The exp() function computes the base e exponential value of the given argument x. The expf() function is a single precision version of exp(). The expl() function is an extended precision version of exp().

The exp2() function computes the base 2 exponential of the given argument x. The exp2f() function is a single precision version of exp2(). The exp2l() function is an extended precision version of exp2().

The expm1() function computes the value exp(x) − 1 accurately even for tiny argument x. The expm1f() function is a single precision version of expm1(). The expm1l() function is an extended precision version of expm1().

The log() function computes the value of the natural logarithm of argument x. The logf() function is a single precision version of log(). The logl() function is an extended precision version of log().

The log2() function computes the value of the logarithm of argument x to base 2. The log2f() function is a single precision version of log2(). The log2l() function is an extended precision version of log2().

The log10() function computes the value of the logarithm of argument x to base 10. The log10f() function is a single precision version of log10(). The log10l() function is an extended precision version of log10().

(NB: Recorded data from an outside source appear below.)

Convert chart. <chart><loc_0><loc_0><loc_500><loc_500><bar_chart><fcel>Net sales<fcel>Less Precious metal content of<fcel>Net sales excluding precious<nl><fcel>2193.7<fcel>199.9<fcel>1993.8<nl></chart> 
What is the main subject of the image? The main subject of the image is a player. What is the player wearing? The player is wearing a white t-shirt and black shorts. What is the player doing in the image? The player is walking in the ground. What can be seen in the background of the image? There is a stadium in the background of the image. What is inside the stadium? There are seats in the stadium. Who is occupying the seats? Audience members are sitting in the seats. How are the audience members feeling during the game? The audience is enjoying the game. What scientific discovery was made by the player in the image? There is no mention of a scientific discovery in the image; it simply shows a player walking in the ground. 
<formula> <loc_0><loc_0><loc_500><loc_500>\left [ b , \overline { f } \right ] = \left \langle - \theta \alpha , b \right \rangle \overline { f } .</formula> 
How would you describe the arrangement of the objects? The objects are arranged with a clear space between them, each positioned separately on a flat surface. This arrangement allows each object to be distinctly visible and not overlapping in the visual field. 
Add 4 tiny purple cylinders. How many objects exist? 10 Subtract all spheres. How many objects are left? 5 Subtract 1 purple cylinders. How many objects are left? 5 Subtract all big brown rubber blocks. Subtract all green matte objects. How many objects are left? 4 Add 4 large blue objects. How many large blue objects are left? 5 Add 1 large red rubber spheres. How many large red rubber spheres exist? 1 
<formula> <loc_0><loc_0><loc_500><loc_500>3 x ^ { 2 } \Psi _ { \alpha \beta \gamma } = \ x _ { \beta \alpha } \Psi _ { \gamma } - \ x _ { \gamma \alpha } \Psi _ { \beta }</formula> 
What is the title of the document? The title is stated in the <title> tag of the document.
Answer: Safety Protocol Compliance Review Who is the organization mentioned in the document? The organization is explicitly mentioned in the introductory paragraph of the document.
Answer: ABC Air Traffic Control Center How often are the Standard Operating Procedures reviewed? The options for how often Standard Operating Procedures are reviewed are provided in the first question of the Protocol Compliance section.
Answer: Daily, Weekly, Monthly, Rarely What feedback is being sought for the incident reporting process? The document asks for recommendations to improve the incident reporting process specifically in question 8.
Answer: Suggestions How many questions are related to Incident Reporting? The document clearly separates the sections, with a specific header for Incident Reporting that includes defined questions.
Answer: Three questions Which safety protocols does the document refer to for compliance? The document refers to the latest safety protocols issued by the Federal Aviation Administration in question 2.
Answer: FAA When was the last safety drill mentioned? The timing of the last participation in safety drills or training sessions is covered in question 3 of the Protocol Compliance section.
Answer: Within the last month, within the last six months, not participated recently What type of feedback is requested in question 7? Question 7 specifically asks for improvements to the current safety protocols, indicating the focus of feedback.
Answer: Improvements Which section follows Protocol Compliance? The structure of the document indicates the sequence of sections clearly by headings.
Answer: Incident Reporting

The log1p() function computes the value of log(1 + x) accurately even for tiny argument x. The log1pf() function is a single precision version of log1p(). The log1pl() function is an extended precision version of log1p().

The pow() function computes the value of x to the exponent y. The powf() function is a single precision version of pow(). The powl() function is an extended precision version of pow().

RETURN VALUES

These functions will return the appropriate computation unless an error occurs or an argument is out of range. The functions exp(), expm1() and pow() detect if the computed value will overflow and set the global variable errno to ERANGE. The function pow(x, y) checks to see if x < 0 and y is not an integer, in the event this is true, the global variable errno is set to EDOM.

ERRORS (due to Roundoff etc.)

exp(x), log(x), expm1(x) and log1p(x) are accurate to within an ulp, and log10(x) to within about 2 ulps; an ulp is one Unit in the Last Place. The error in pow(x, y) is below about 2 ulps when its magnitude is moderate, but increases as pow(x, y) approaches the over/underflow thresholds until almost as many bits could be lost as are occupied by the floating-point format's exponent field; that is 11 bits for IEEE 754 Double. No such drastic loss has been exposed by testing; the worst errors observed have been below 300 ulps for IEEE 754 Double. Moderate values of pow() are accurate enough that pow(integer, integer) is exact until it is bigger than 2**53 for IEEE 754.

NOTES

The functions exp(x) − 1 and log(1 + x) are called expm1 and logp1 in BASIC on the Hewlett-Packard HP-71B and APPLE Macintosh, EXP1 and LN1 in Pascal, exp1 and log1 in C on APPLE Macintoshes, where they have been provided to make sure financial calculations of ((1 + x)**n − 1) / x, namely expm1(n * log1p(x)) / x, will be accurate when x is tiny. They also provide accurate inverse hyperbolic functions.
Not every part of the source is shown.